In Development this week (Vol. 141, Issue 5):

Here are the highlights from the current issue of Development:

Time to update the mammalian CV

The dorsal aorta (DA) and the cardinal vein (CV) are the first vascular pair to form during development. Although it is generally accepted that the DA derives from angioblasts, the cellular origin of the mammalian CV is currently unknown. Now, on p. 1120, Rong Wang and colleagues reveal that the mammalian CV is formed, at least in part, from endothelial cells that originate from within the DA. Using markers specific to either aortic or venous-fated endothelial cells, the authors show that the DA contains a mixed population of endothelial cells with either venous or arterial identity, but that the number of venous-fated endothelial cells decreases over time. The authors use time-lapse microscopy to visualise the migration of endothelial cells away from the DA and to the CV, and further show that this process requires ephrin B2/EphB4 signalling. The authors propose a mechanism whereby ephrin B2/EphB4-mediated cell repulsion drives the segregation of venous-fated endothelial cells away from the DA, facilitating their movement to the CV.

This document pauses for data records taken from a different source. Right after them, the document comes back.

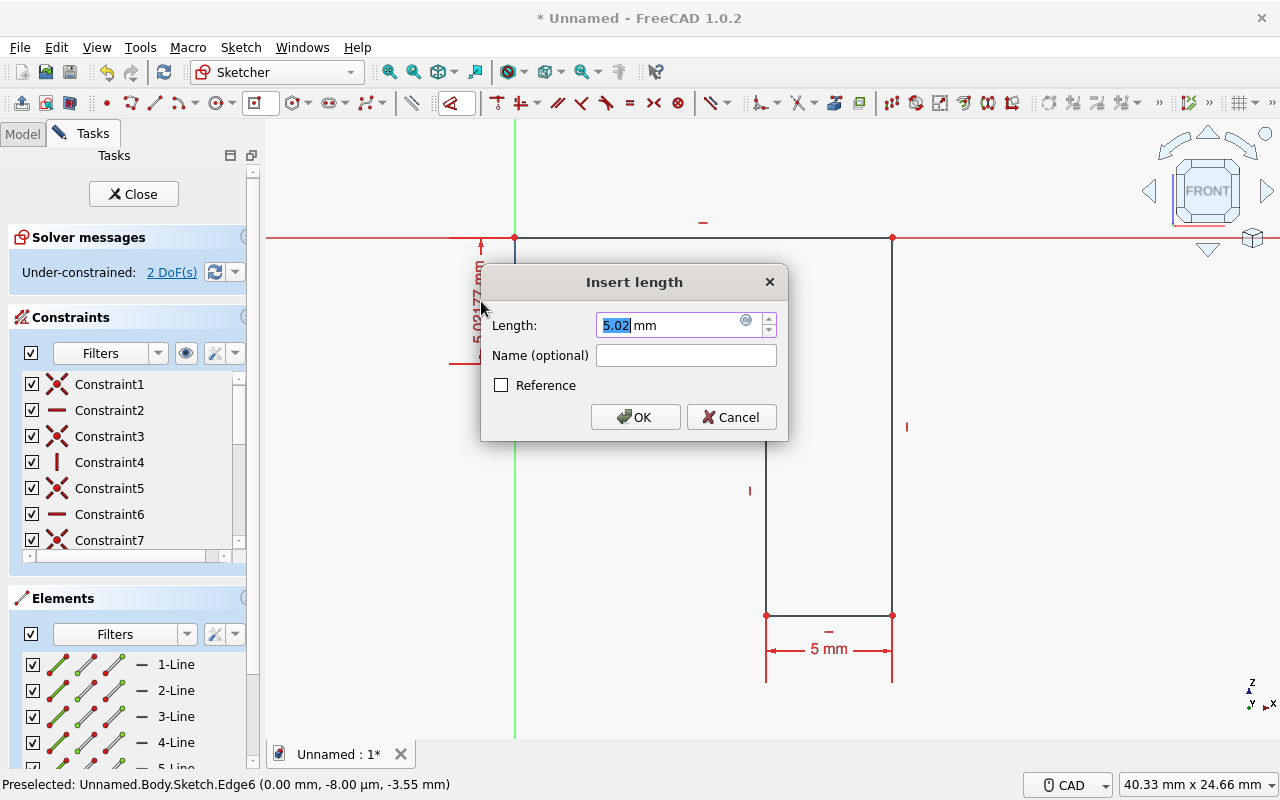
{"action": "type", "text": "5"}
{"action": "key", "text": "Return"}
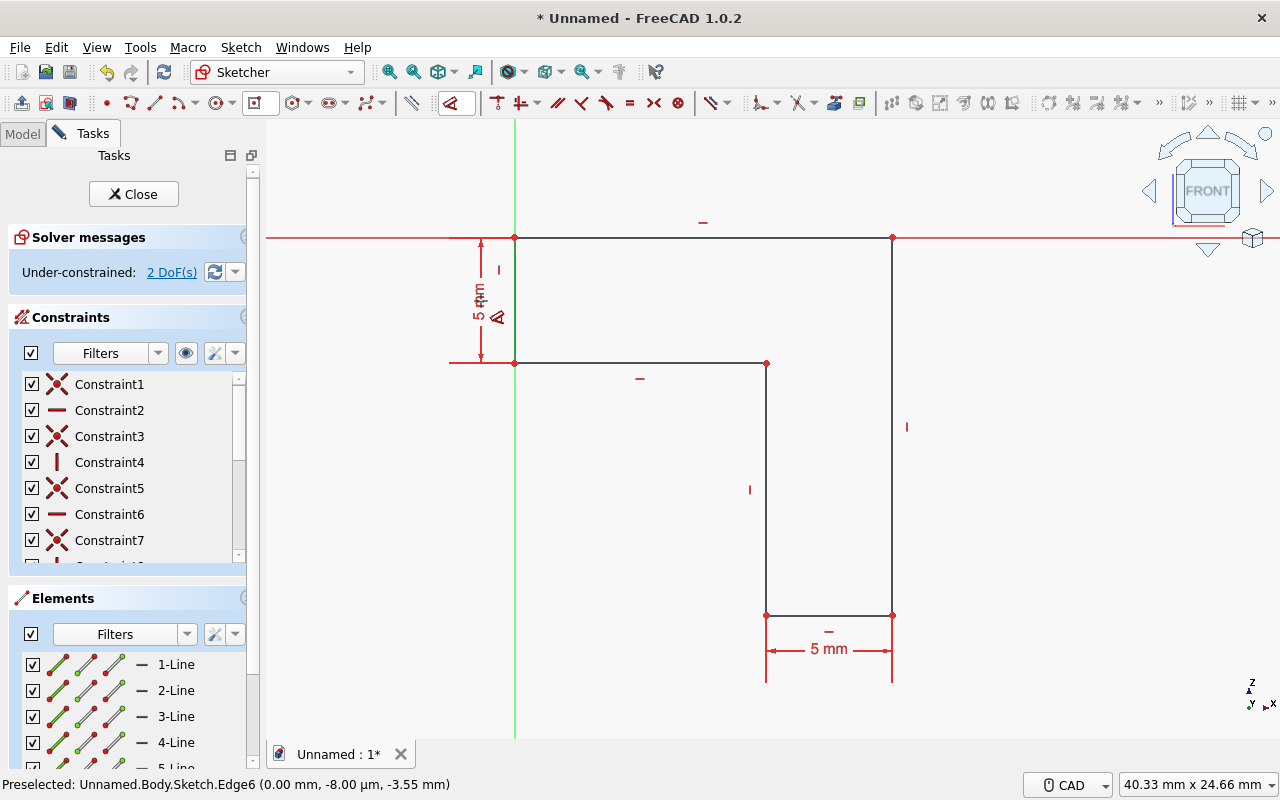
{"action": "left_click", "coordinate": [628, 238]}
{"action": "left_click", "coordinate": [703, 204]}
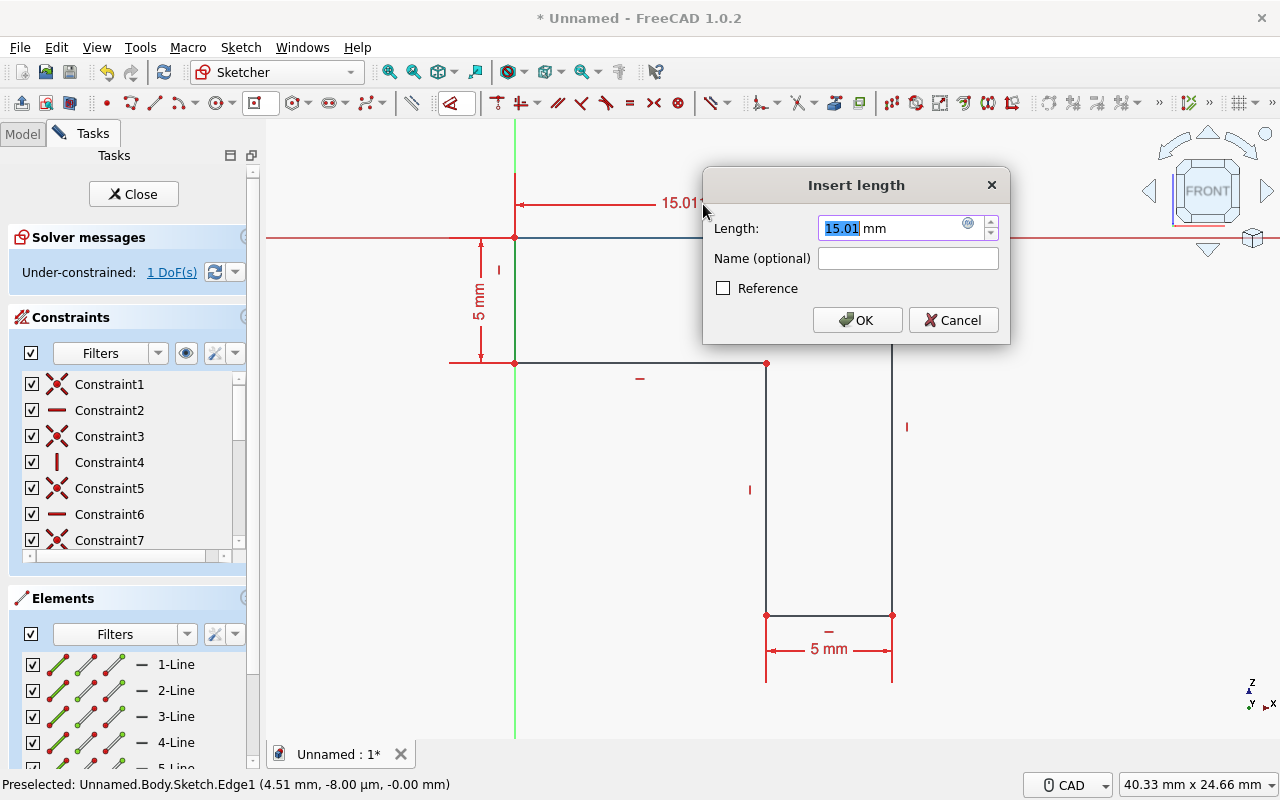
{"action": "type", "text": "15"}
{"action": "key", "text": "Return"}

Mammary stratification caught on camera

During development, select epithelial cells must undergo asymmetric division in order to generate a stratified epithelium. Previous studies have shown that basally positioned epithelial stem cells orchestrate this process, but the mammary epithelium has two distinct cell layers inside the basement membrane, so it remains unclear which cell type is responsible for stratification. Using elegant time-lapse imaging of three-dimensional mouse mammary epithelial cultures, Andrew Ewald and colleagues now reveal (p. 1085) that it is the apical luminal epithelial cells that divide vertically to generate the stratified mammary epithelium. The authors show that this is accompanied by the loss of tight junctions, as marked by ZO-1, as well as loss of apicobasal polarity in the new daughter cells. Importantly, the authors also demonstrate that this mechanism of stratification and loss of polarity operates during early oncogenesis in the mouse mammary epithelium. These data uncover a common cellular mechanism that underpins the developmental and oncogenic stratification of mammary tissue.

An epigenetic bag of TRX

The Drosophila Trithorax (TRX) protein plays a key role in maintaining active transcription of many master cell fate regulatory genes. Previously, TRX was thought to function mainly at the promoter by depositing the histone H3K4 trimethylation mark (H3K4me3) via its catalytic SET domain. However, recent findings have challenged this view, prompting new investigations into the function of TRX. Now, on p. 1129, Peter Harte, Feng Tie and colleagues reveal that TRX, along with TRX-related (TRR), is responsible for histone H3K4 monomethylation (H3K4me1), and not trimethylation, suggesting a role for TRX in stimulating enhancer-dependent transcription. In vivo studies support these findings, as a catalytically inactive form of TRX results in reduced H3K4me1, but no change in H3K4me3, in Drosophila embryos. The authors also show that TRX collaborates directly with CREB-binding protein (CBP) to promote robust H3K27 acetylation, which antagonises Polycomb silencing and may also stimulate enhancer-dependent transcription. These data provide exciting new insights into the mechanisms of epigenetic regulation in developing organisms.

Oct4: the plot thickens

The transcription factor Oct4 is well known for its role in maintaining pluripotency in vitro and for preventing ectopic differentiation of early embryos in vivo. Recent evidence also suggests a role for Oct4 in lineage specification; however, little is known about how this occurs and the manner in which Oct4 is required. Now, on p. 1001, Jennifer Nichols and colleagues report a non-cell-autonomous requirement for sustained Oct4 expression during primitive endoderm (PrE) specification. The authors confirm that maternal and zygotic Oct4 are not required for development to the blastocyst stage, but that conditional inactivation of Oct4 in the early blastocyst results in reduced expression of PrE markers Sox17 and Gata4, and a failure to generate PrE-derived tissue in chimeric assays. Surprisingly, the formation of PrE can be rescued if the conditionally inactivated Oct4 mutants are injected at the pre-blastocyst stage with wild-type embryonic stem cells, suggesting that Oct4 is not required to operate cell-autonomously in order to specify the PrE.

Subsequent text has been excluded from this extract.